Editorial: La popularidad de Vizcarra

Por diarioep / 30 de octubre 2018

Según las encuestadoras nacionales, el presidente de la República, Martín Vizcarra, tiene un récord de popularidad al superar el 60 por ciento de opinión favorable en ciudadanía consultada y una segunda consulta señala que se le puede considerar el hombre más poderoso del Perú por el protagonismo que ha logrado en todas las esferas del quehacer gubernamental.

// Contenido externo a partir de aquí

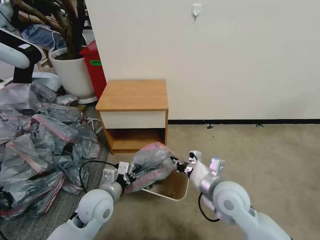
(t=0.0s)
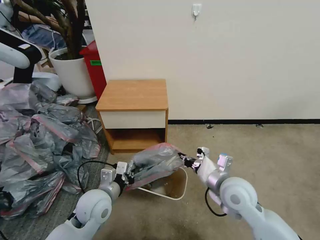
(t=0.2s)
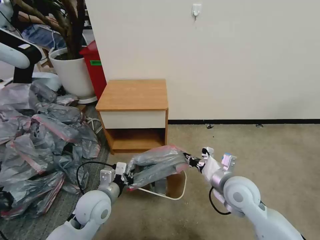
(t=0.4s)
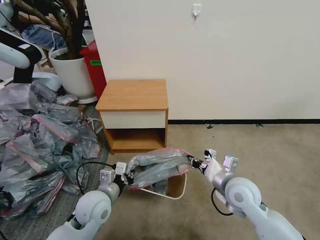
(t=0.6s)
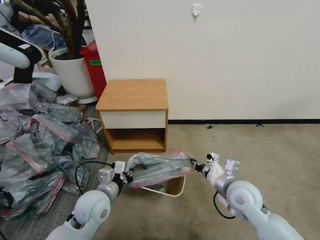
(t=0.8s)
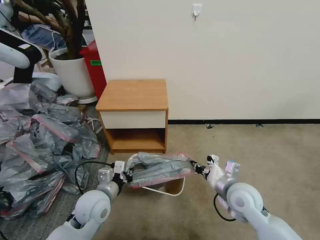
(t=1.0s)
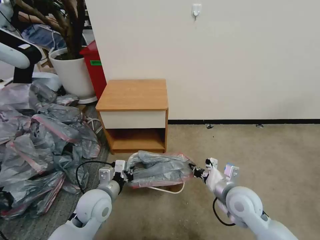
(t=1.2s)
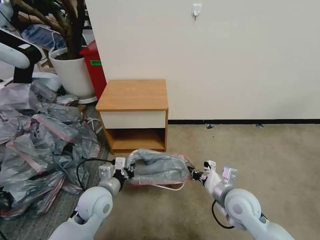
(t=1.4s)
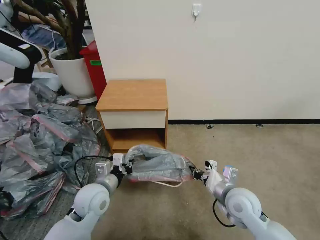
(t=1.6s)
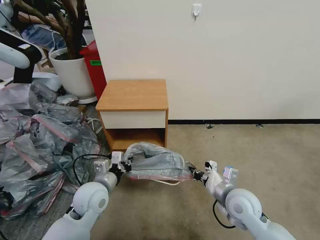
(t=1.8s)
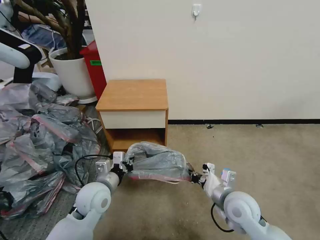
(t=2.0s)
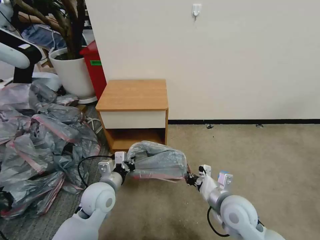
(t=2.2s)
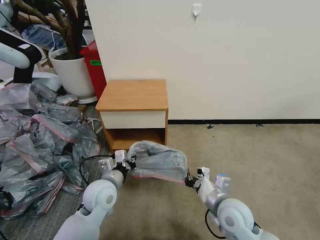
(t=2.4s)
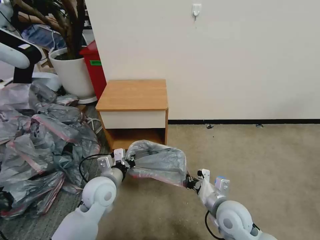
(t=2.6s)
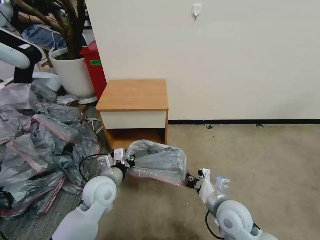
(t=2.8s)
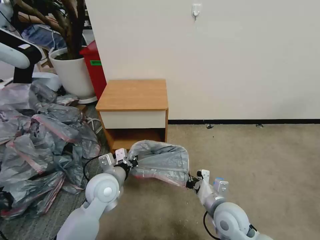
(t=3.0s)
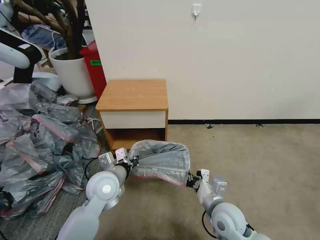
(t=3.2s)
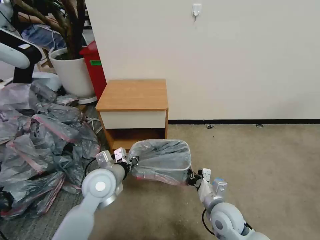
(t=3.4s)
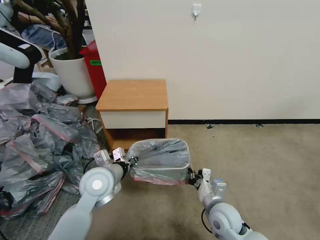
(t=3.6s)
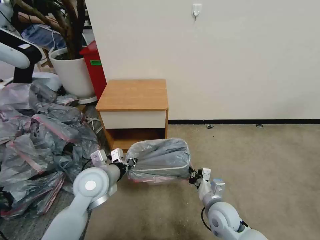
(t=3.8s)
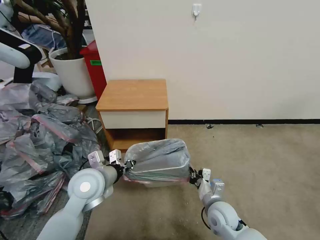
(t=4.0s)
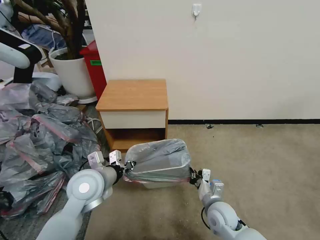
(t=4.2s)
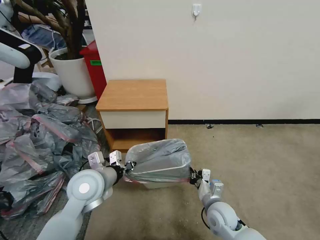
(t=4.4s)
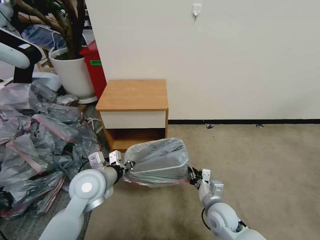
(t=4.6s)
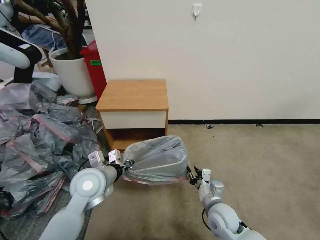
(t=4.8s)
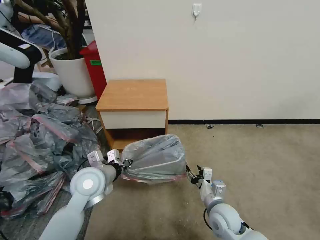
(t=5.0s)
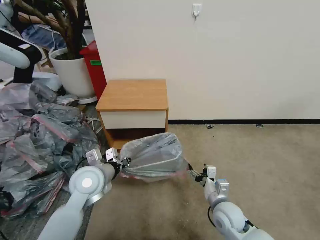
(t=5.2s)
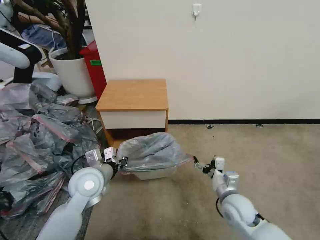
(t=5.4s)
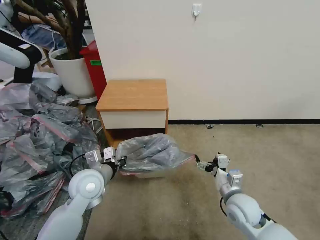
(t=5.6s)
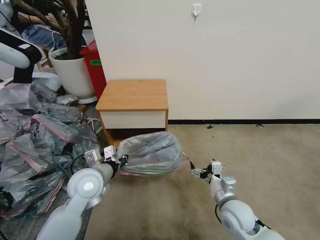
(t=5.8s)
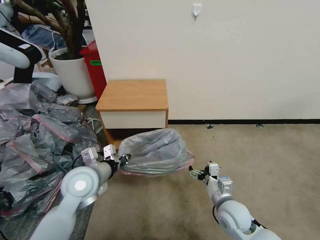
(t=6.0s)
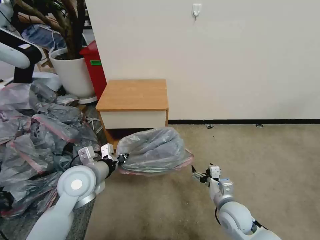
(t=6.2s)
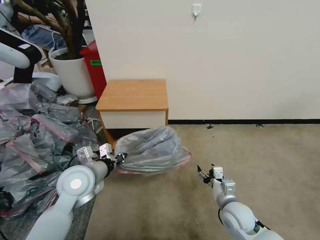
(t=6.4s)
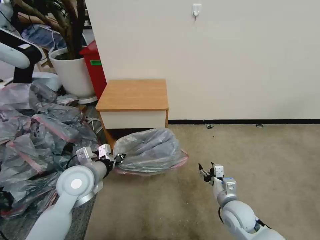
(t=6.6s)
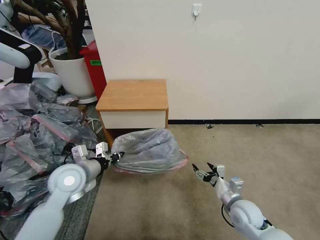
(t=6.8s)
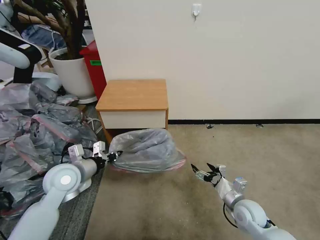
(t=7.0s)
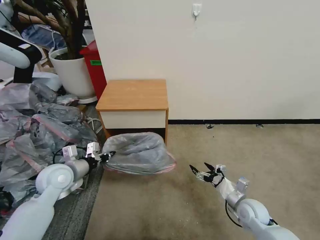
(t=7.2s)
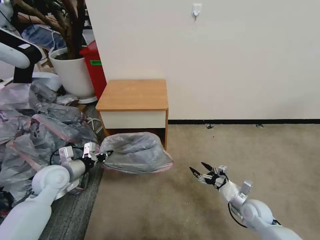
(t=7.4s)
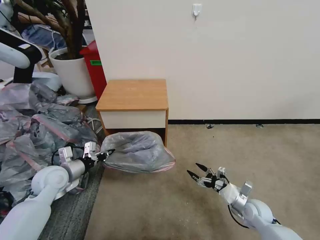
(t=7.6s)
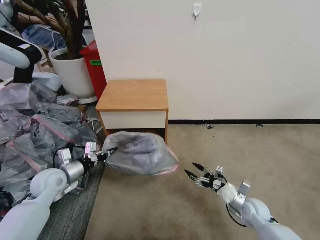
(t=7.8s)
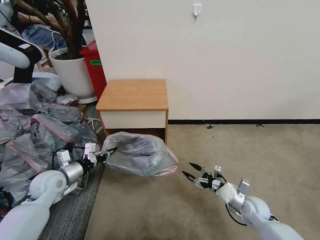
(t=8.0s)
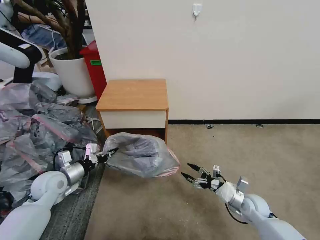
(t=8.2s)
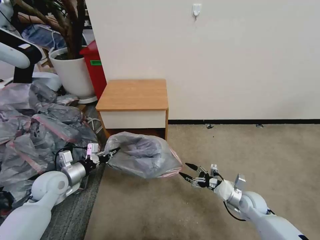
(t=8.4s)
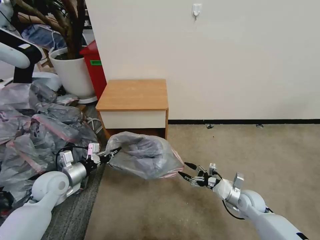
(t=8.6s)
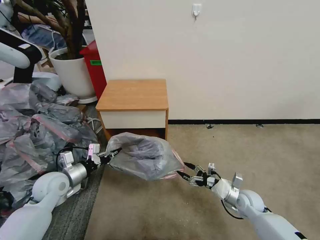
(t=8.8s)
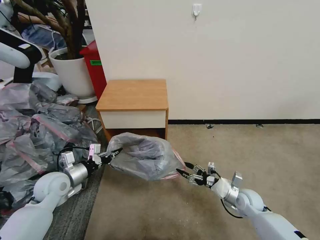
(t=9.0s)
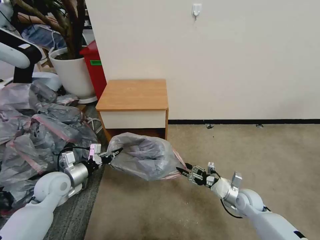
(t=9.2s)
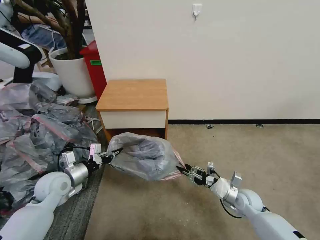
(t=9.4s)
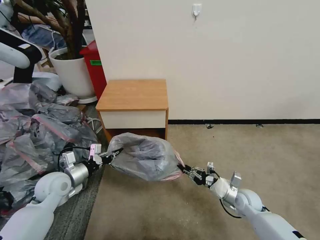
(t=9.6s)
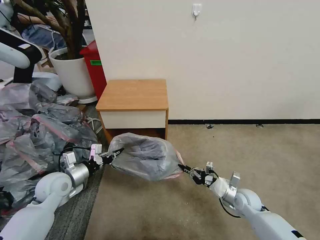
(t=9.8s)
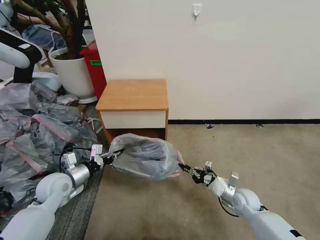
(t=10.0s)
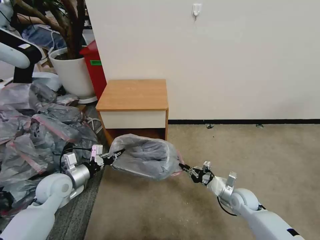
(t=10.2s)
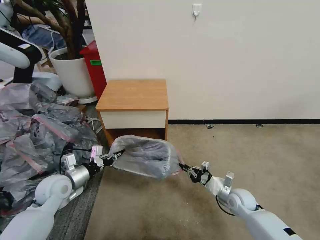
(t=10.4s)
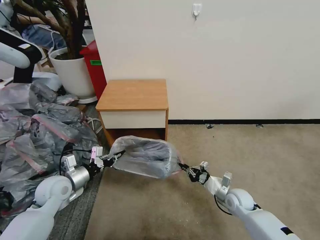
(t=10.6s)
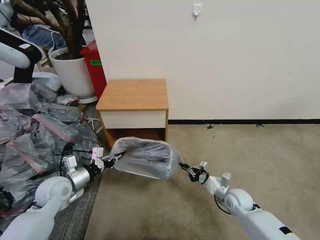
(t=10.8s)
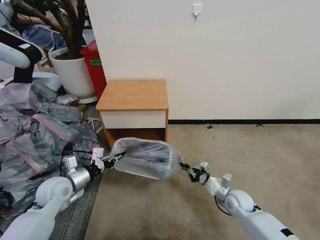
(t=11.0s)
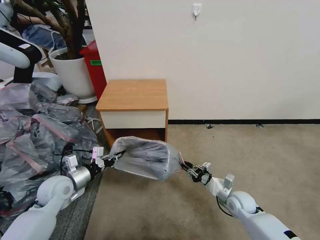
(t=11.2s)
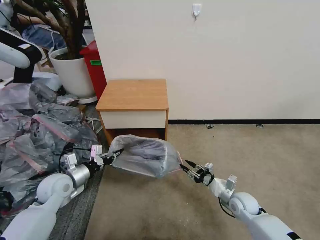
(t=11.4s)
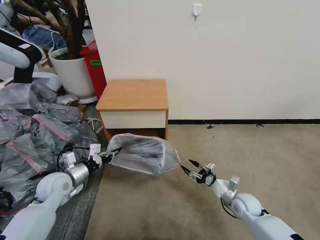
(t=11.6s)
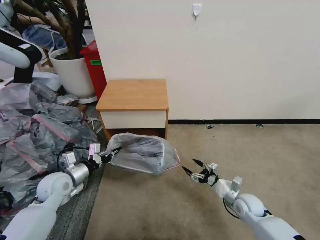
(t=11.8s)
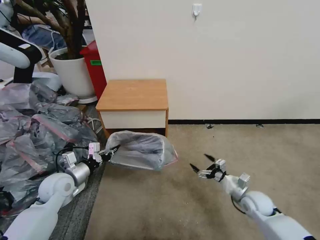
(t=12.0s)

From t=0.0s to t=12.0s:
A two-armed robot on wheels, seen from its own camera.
Task of the whole recording: Pick up the garbage bag from the table and place it over the trash can.
From t=0.0s to t=1.6s: The right gripper ends up roughly 5 cm from where it was.
From t=1.6s to t=3.0s: The right gripper moves about 5 cm.
From t=3.0s to t=4.4s: The left gripper moves some 5 cm. The right gripper heads downward, covering about 10 cm.
From t=4.4s to t=6.0s: The right gripper opens.
From t=6.0s to t=7.6s: The left gripper travels to the left by some 15 cm; the right gripper travels to the right and downward by roughly 15 cm, and closes, then reopens.
From t=7.6s to t=9.0s: The grippers stay close to where they were, moving slightly.
From t=9.0s to t=10.4s: The right gripper closes up.
From t=10.4s to t=12.0s: The right gripper shifts by roughly 5 cm, and opens its fingers.

Es justo señalar que en el sur del país y muy concretamente en Arequipa y Cusco, el presidente ha alcanzado los más altos niveles de respaldo colectivo. El tema no tiene más explicación que una coincidencia de deseos que no encajan con acciones gubernamentales en la región Arequipa, pues hay asuntos importantes que no se resuelven ni se destraban.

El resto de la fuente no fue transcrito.